(Exercise data Opens)
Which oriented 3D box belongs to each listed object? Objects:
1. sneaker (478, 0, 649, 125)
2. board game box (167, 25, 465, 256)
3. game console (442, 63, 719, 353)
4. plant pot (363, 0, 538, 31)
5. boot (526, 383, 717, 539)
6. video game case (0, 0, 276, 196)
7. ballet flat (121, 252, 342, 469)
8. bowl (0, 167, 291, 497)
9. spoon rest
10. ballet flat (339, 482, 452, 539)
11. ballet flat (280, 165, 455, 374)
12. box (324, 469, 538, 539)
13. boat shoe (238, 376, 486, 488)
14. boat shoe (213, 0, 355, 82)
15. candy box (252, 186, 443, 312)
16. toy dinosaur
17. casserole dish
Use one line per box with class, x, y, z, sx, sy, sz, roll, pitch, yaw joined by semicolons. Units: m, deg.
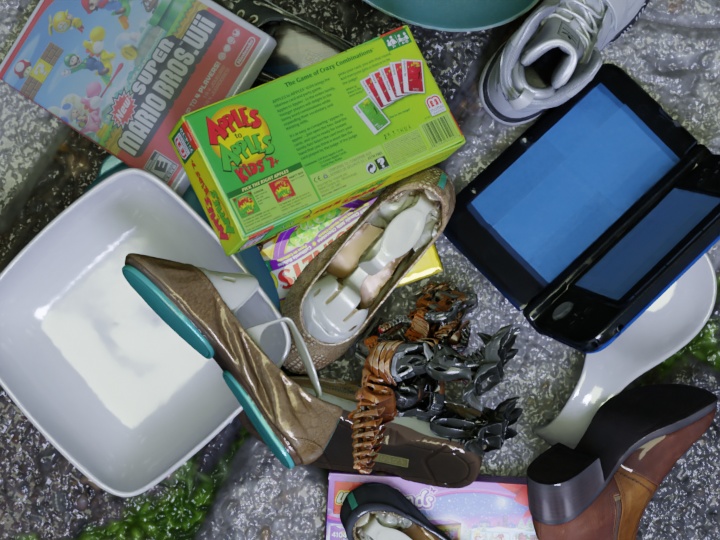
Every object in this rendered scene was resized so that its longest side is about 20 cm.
sneaker;0.173;-0.194;1.402;0.075;0.115;0.200;41;92;-6
board game box;-0.031;-0.098;1.354;0.199;0.048;0.102;-25;84;-24
game console;0.184;-0.053;1.385;0.200;0.171;0.118;-43;106;-6
plant pot;0.070;-0.302;1.383;0.199;0.201;0.135;22;54;0
boot;0.215;0.205;1.410;0.188;0.068;0.201;-33;124;-34
video game case;-0.178;-0.166;1.420;0.199;0.017;0.144;33;92;24
ballet flat;-0.085;0.050;1.309;0.072;0.068;0.200;-41;90;-15
bowl;-0.171;0.045;1.377;0.200;0.075;0.200;-42;91;5
spoon rest;0.207;0.057;1.437;0.099;0.061;0.201;31;92;0
ballet flat;0.064;0.241;1.400;0.200;0.073;0.073;40;92;0
ballet flat;0.000;0.000;1.410;0.070;0.065;0.201;36;96;-6
box;0.069;0.233;1.453;0.198;0.039;0.138;4;92;1
boat shoe;0.003;0.116;1.440;0.199;0.076;0.072;16;133;3
boat shoe;-0.075;-0.183;1.437;0.199;0.057;0.069;21;92;0
candy box;-0.042;-0.015;1.456;0.199;0.026;0.103;-20;94;2
toy dinosaur;0.049;0.086;1.386;0.135;0.102;0.201;13;63;23
casserole dish;-0.146;-0.008;1.428;0.121;0.039;0.201;-28;91;5
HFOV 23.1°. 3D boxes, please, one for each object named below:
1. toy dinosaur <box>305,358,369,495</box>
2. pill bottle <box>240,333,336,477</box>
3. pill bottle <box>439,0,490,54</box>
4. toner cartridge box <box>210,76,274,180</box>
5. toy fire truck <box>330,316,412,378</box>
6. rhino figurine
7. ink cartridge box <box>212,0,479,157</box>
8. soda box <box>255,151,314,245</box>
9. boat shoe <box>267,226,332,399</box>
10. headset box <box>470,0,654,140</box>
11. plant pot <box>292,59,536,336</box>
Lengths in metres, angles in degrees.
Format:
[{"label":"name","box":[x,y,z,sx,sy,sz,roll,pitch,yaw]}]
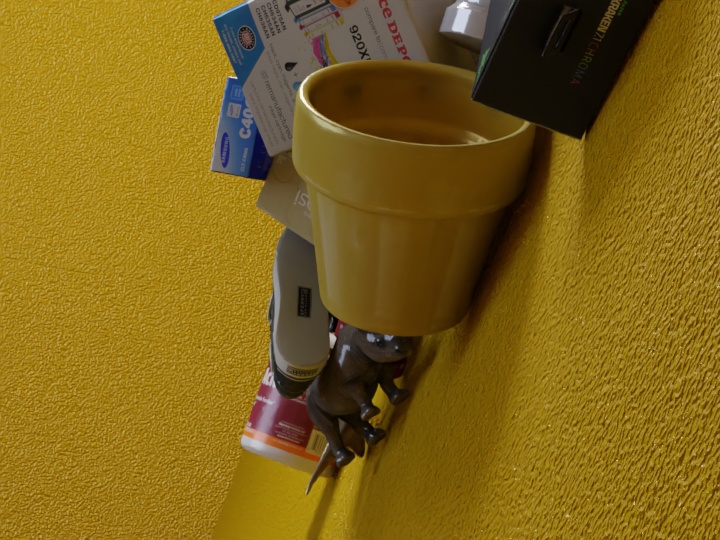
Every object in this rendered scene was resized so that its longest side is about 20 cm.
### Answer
[{"label":"toy dinosaur","box":[-0.017,0.148,1.793,0.200,0.058,0.101,-49,-58,-69]},{"label":"pill bottle","box":[-0.053,0.126,2.024,0.114,0.114,0.200,161,129,-83]},{"label":"pill bottle","box":[0.146,-0.285,1.542,0.116,0.116,0.200,-161,92,-85]},{"label":"toner cartridge box","box":[-0.086,-0.137,1.782,0.200,0.043,0.095,2,-81,-72]},{"label":"toy fire truck","box":[0.000,0.000,1.783,0.200,0.049,0.141,54,137,44]},{"label":"rhino figurine","box":[0.001,0.098,1.673,0.060,0.087,0.200,-19,-28,-34]},{"label":"ink cartridge box","box":[0.000,-0.216,1.646,0.200,0.147,0.145,-20,5,32]},{"label":"soda box","box":[-0.002,-0.046,1.703,0.064,0.200,0.068,-14,-48,-55]},{"label":"boat shoe","box":[-0.060,0.034,1.722,0.064,0.071,0.200,112,169,-48]},{"label":"headset box","box":[0.160,-0.221,1.294,0.200,0.093,0.174,-76,8,-47]},{"label":"plant pot","box":[0.039,-0.056,1.483,0.201,0.201,0.189,-81,-4,-64]}]
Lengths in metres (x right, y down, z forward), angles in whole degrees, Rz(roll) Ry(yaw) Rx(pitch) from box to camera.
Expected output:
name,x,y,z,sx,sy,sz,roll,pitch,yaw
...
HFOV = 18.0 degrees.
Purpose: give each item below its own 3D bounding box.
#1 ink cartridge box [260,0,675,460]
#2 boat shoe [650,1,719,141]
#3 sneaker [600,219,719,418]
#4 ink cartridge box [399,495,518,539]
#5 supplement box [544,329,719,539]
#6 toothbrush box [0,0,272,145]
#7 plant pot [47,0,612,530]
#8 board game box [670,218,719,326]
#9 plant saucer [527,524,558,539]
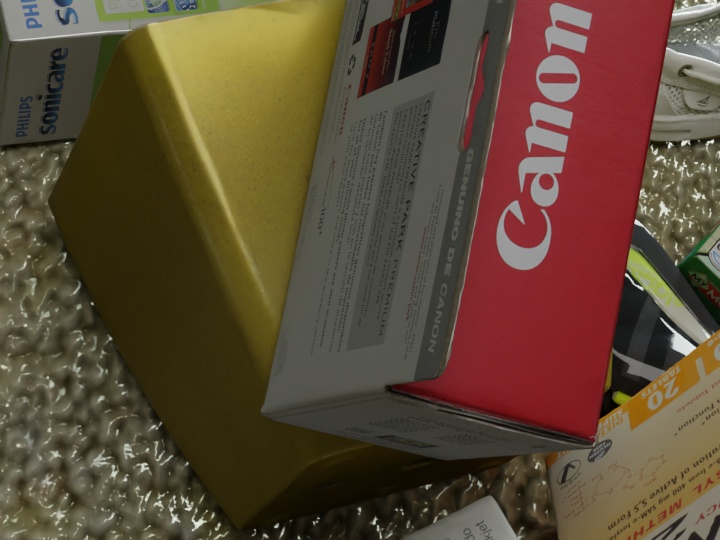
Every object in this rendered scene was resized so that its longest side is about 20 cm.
name,x,y,z,sx,sy,sz,roll,pitch,yaw
ink cartridge box,0.047,-0.040,0.800,0.084,0.176,0.200,15,79,-18
boat shoe,0.222,-0.111,1.155,0.200,0.069,0.071,-10,59,-21
sneaker,0.130,0.059,1.029,0.083,0.072,0.200,-24,57,-25
ink cartridge box,-0.003,0.201,0.863,0.200,0.085,0.145,-27,65,-10
supplement box,0.146,0.108,0.862,0.074,0.126,0.200,46,17,-20
toothbrush box,-0.088,-0.150,1.095,0.200,0.086,0.146,-7,60,-17
plant pot,0.000,0.000,0.966,0.200,0.200,0.177,-13,76,-21
board game box,0.257,0.027,1.077,0.200,0.029,0.135,44,59,1
plant saucer,0.128,0.197,0.954,0.200,0.035,0.201,6,58,-10
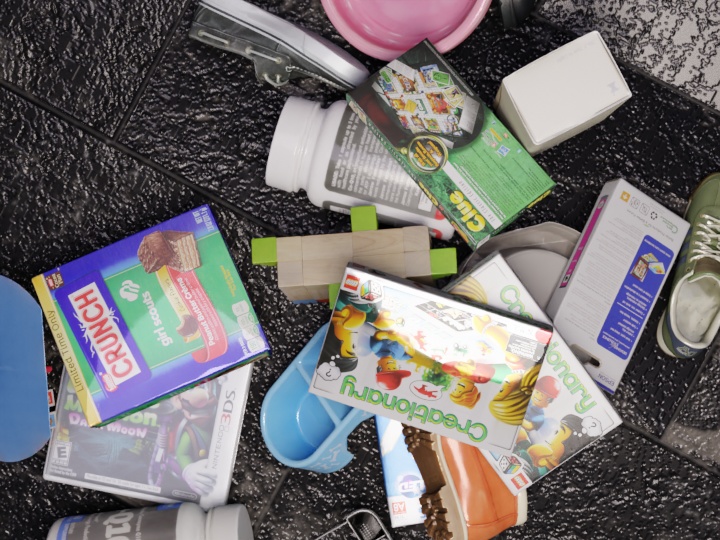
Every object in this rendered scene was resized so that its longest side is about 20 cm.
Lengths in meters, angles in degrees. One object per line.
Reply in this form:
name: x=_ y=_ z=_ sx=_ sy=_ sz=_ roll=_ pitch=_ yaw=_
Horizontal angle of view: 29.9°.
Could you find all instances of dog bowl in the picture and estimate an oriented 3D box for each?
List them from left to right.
dog bowl: x=-0.030 y=0.125 z=1.373 sx=0.200 sy=0.050 sz=0.112 roll=-50 pitch=61 yaw=27
dog bowl: x=0.172 y=0.051 z=1.374 sx=0.200 sy=0.059 sz=0.200 roll=2 pitch=85 yaw=-19

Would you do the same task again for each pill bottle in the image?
pill bottle: x=-0.215 y=0.301 z=1.395 sx=0.200 sy=0.114 sz=0.114 roll=-8 pitch=91 yaw=4
pill bottle: x=0.012 y=-0.109 z=1.381 sx=0.200 sy=0.114 sz=0.114 roll=15 pitch=92 yaw=2

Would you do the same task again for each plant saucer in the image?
plant saucer: x=0.051 y=-0.315 z=1.380 sx=0.200 sy=0.051 sz=0.201 roll=5 pitch=101 yaw=25

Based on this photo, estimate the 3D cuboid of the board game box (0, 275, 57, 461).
board game box: x=-0.374 y=0.100 z=1.426 sx=0.158 sy=0.039 sz=0.200 roll=1 pitch=97 yaw=34

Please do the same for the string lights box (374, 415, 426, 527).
string lights box: x=0.067 y=0.158 z=1.409 sx=0.103 sy=0.059 sz=0.200 roll=-9 pitch=90 yaw=0

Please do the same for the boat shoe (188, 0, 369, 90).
boat shoe: x=-0.087 y=-0.228 z=1.413 sx=0.200 sy=0.072 sz=0.071 roll=28 pitch=101 yaw=12

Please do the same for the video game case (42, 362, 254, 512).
video game case: x=-0.226 y=0.153 z=1.441 sx=0.200 sy=0.023 sz=0.182 roll=11 pitch=91 yaw=2

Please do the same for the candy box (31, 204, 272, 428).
candy box: x=-0.214 y=0.048 z=1.393 sx=0.200 sy=0.077 sz=0.169 roll=-24 pitch=82 yaw=-3

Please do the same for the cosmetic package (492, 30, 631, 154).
cosmetic package: x=0.194 y=-0.167 z=1.328 sx=0.103 sy=0.200 sz=0.073 roll=-27 pitch=88 yaw=2

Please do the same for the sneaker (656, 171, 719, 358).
sneaker: x=0.358 y=-0.004 z=1.378 sx=0.067 sy=0.090 sz=0.200 roll=16 pitch=92 yaw=2

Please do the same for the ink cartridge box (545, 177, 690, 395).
ink cartridge box: x=0.252 y=0.016 z=1.355 sx=0.095 sy=0.037 sz=0.200 roll=31 pitch=74 yaw=-16

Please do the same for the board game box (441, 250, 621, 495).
board game box: x=0.140 y=0.098 z=1.287 sx=0.126 sy=0.035 sz=0.200 roll=-37 pitch=94 yaw=9

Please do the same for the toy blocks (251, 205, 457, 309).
toy blocks: x=0.000 y=0.000 z=1.376 sx=0.200 sy=0.137 sz=0.100 roll=-4 pitch=78 yaw=5

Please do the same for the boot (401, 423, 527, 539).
boot: x=0.105 y=0.174 z=1.353 sx=0.107 sy=0.075 sz=0.200 roll=-11 pitch=85 yaw=-20

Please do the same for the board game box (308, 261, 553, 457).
board game box: x=0.064 y=0.082 z=1.248 sx=0.200 sy=0.035 sz=0.126 roll=17 pitch=101 yaw=3

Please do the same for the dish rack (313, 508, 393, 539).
dish rack: x=-0.035 y=0.356 z=1.420 sx=0.200 sy=0.055 sz=0.153 roll=-31 pitch=89 yaw=3

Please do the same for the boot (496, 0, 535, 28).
boot: x=0.216 y=-0.355 z=1.385 sx=0.168 sy=0.076 sz=0.200 roll=-3 pitch=85 yaw=6

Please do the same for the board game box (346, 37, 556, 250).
board game box: x=0.087 y=-0.125 z=1.318 sx=0.105 sy=0.023 sz=0.200 roll=-35 pitch=76 yaw=-15
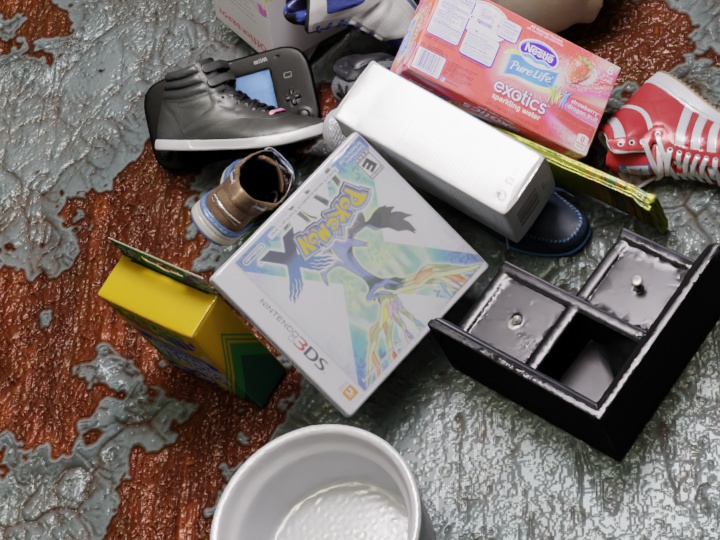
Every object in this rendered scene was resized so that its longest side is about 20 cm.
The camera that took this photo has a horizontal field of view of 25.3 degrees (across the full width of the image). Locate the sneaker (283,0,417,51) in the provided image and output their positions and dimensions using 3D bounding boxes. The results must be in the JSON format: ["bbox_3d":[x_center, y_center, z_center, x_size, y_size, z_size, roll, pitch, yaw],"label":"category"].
[{"bbox_3d":[-0.018,-0.286,1.718,0.115,0.199,0.081,-43,36,1],"label":"sneaker"}]

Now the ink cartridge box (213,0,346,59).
[{"bbox_3d":[-0.089,-0.339,1.784,0.125,0.200,0.129,-31,52,-20],"label":"ink cartridge box"}]

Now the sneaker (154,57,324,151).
[{"bbox_3d":[-0.130,-0.179,1.714,0.199,0.071,0.100,0,95,19],"label":"sneaker"}]

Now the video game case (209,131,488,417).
[{"bbox_3d":[-0.009,0.003,1.494,0.182,0.022,0.200,45,75,-4],"label":"video game case"}]

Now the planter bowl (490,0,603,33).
[{"bbox_3d":[0.188,-0.326,1.672,0.134,0.200,0.201,9,61,-4],"label":"planter bowl"}]

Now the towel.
[{"bbox_3d":[0.204,-0.089,1.556,0.200,0.086,0.018,27,82,26],"label":"towel"}]

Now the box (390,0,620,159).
[{"bbox_3d":[0.139,-0.192,1.579,0.200,0.095,0.103,24,81,-11],"label":"box"}]

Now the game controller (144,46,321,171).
[{"bbox_3d":[-0.142,-0.178,1.771,0.199,0.042,0.105,-13,97,14],"label":"game controller"}]

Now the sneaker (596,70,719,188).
[{"bbox_3d":[0.313,-0.107,1.544,0.112,0.071,0.200,-38,46,-8],"label":"sneaker"}]

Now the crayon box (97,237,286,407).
[{"bbox_3d":[-0.169,0.053,1.562,0.126,0.200,0.052,22,72,31],"label":"crayon box"}]

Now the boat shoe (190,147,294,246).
[{"bbox_3d":[-0.104,-0.085,1.647,0.072,0.072,0.200,-39,9,25],"label":"boat shoe"}]

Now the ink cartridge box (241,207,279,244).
[{"bbox_3d":[0.000,0.000,1.606,0.148,0.076,0.200,-41,59,-6],"label":"ink cartridge box"}]

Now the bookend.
[{"bbox_3d":[0.206,0.037,1.487,0.198,0.092,0.200,29,74,33],"label":"bookend"}]

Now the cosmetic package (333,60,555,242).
[{"bbox_3d":[0.081,-0.113,1.532,0.200,0.102,0.074,33,84,18],"label":"cosmetic package"}]

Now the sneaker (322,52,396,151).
[{"bbox_3d":[0.003,-0.175,1.685,0.114,0.076,0.200,10,31,38],"label":"sneaker"}]

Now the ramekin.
[{"bbox_3d":[-0.027,0.250,1.450,0.200,0.098,0.201,-11,57,17],"label":"ramekin"}]

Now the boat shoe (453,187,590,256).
[{"bbox_3d":[0.134,-0.073,1.597,0.200,0.069,0.084,22,70,29],"label":"boat shoe"}]
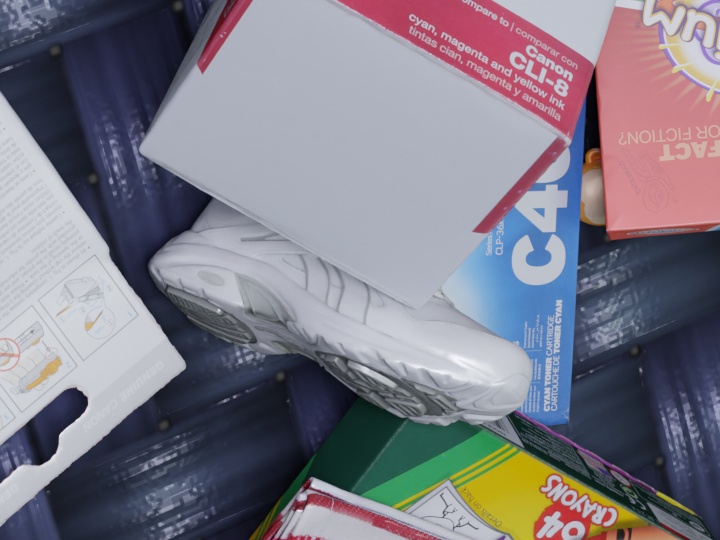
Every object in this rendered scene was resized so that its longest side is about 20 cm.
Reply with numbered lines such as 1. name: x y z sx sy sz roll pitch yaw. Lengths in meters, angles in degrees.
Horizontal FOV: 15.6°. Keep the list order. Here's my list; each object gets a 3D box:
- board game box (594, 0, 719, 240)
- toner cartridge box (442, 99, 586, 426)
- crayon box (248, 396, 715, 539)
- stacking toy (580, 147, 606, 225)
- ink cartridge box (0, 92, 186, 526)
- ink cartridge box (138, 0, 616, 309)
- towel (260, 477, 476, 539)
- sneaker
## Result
1. board game box: 0.186 -0.121 1.256 0.153 0.040 0.201 -5 85 8
2. toner cartridge box: 0.057 -0.024 1.280 0.095 0.043 0.201 -2 100 -23
3. crayon box: 0.050 0.156 1.274 0.200 0.058 0.173 30 105 -26
4. stacking toy: 0.193 -0.073 1.314 0.200 0.110 0.116 -23 109 -8
5. ink cartridge box: -0.195 0.013 1.172 0.161 0.050 0.200 -40 118 -14
6. ink cartridge box: 0.022 -0.121 1.128 0.144 0.145 0.200 28 51 -9
7. towel: -0.014 0.200 1.236 0.144 0.023 0.200 22 111 -24
8. sneaker: 0.000 0.000 1.184 0.100 0.200 0.078 -59 150 -14
(Exercise data Closes)
Taking the line with "Reply in this" as the first and the line with "Could you find" as the last, retype that stretch of the data above exactly, with no other lines.

Response to the task:
Reply in this form:
name: x=_ y=_ z=_ sx=_ sy=_ sz=_ roll=_ pitch=_ yaw=_
Horizontal angle of view: 29.9°.
Could you find all instances of dog bowl in the picture and estimate an oriented 3D box for each?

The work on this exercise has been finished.